In sostanza, secondo i supremi giudici, ai fini della valutazione della sussistenza o meno del predetto collegamento funzionale, debbono essere considerati elementi (non solo contabili, ma anche) fattuali, quali l’estemporaneità dell’indebitamento e la sua imminenza rispetto alla cessione dell’azienda, la funzionalità di tale finanziamento alle esigenze non già dell’azienda ceduta, ma del cedente ed alla insussistenza di una contropartita attiva di cassa.
Da ultimo, la Cassazione (cfr. Cass. n. 22099 del 31 ottobre 2016) ha distinto tra debiti qualificabili come passività, in quanto relativi all’esercizio dell’azienda, e debiti propri dell’imprenditore, lasciando intendere rilevanza esclusiva del piano sostanziale (in ragione del collegamento funzionale all’attività) piuttosto che dell’appostazione contabile.
In definitiva, la sussistenza del “collegamento funzionale” di cui sopra è il tratto discretivo, da valutarsi caso per caso, al fine di considerare meramente descrittivo lo strumento formale utilizzato (evidenza contabile, clausola negoziale, ecc.), senza che questo possa assumere valenza determinante ai fini della valutazione del presupposto d’imposta. Qualora tale collegamento funzionale manchi, il passaggio del debito dal cedente al cessionario potrà rilevare, se mai, in quanto elemento esterno alla cessione dell’azienda, ai fini delle modalità di pagamento del prezzo della cessione stessa, con conseguente inclusione del relativo ammontare nella base imponibile a sensi dell’art. 43, comma 2, D.P.R. 131/1986.
Conclusioni e soluzioni operative
Alla luce di quanto precedentemente illustrato, pare possibile trarre alcune conclusioni:
- agli effetti dell’applicazione dell’imposta di registro, la base imponibile della cessione di azienda si determina in base al valore netto dei beni trasferiti (i.e. attività meno passività);
- a tal fine, il corrispettivo dichiarato dalle parti nell’atto (cui è riferita l’iniziale liquidazione dell’imposta a sensi dell’art. 51, comma 1, D.P.R. 131/1986), deve essere parametrato a tale valore netto;eventuali passività aziendali accollate all’acquirente, ma non scomputate dal corrispettivo concorrono a formare la base imponibile a sensi dell’art. 43, comma 2, D.P.R. 131/1986;
- il controllo in merito alla inerenza al compendio aziendale trasferito delle passività oggetto di scomputo è rimesso all’esercizio del potere di accertamento da parte degli Uffici fiscali.
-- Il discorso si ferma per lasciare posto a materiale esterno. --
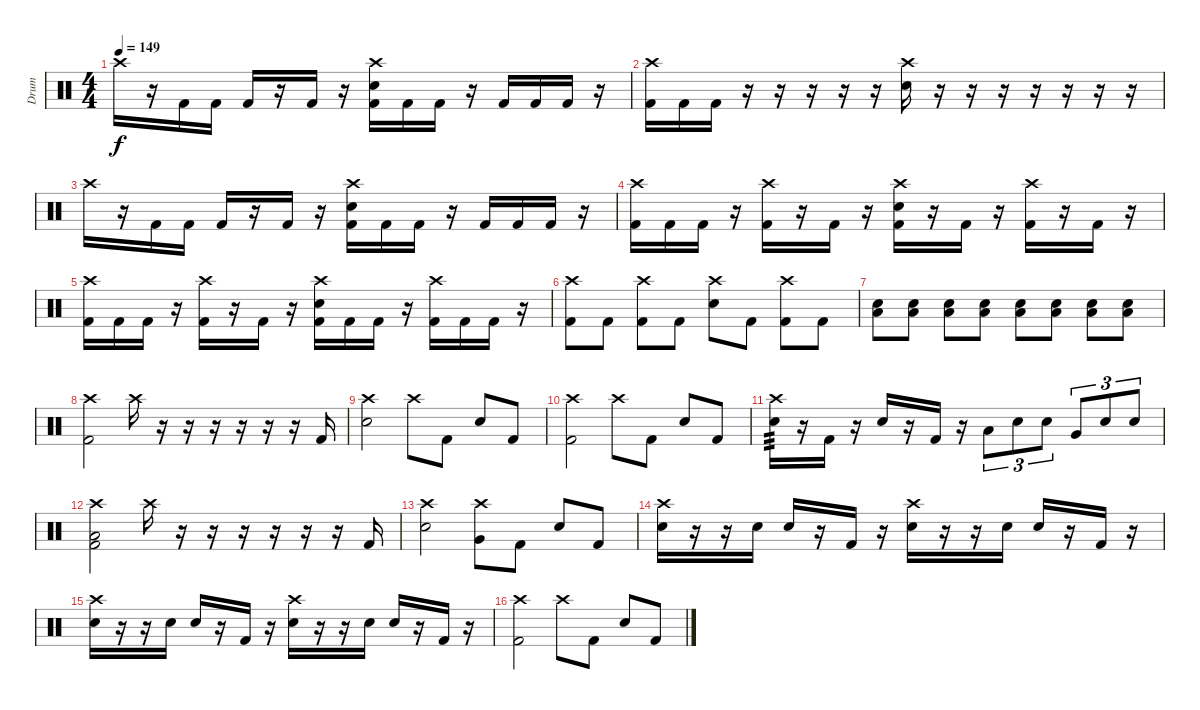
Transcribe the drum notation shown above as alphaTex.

Dal punto di vista operativo, è opportuna l’adozione di clausole contrattuali che, a prescindere dalla concreta formulazione, siano idonee ad evitare un’errata interpretazione dell’atto da parte dell’ufficio con conseguenti fraintendimenti in sede di accertamento; a tal fine, conformemente alle conclusioni sopra esposte, sembra opportuno evitare clausole contrattuali:
- che deducano l’accollo delle passività aziendali quale semplice modalità di pagamento del corrispettivo;che rechino la dichiarazione di un corrispettivo “al lordo” delle passività trasferite;
- che indichino quale “valore dell’azienda” l’”attivo aziendale” o che equiparino l’”attivo aziendale” al “corrispettivo”.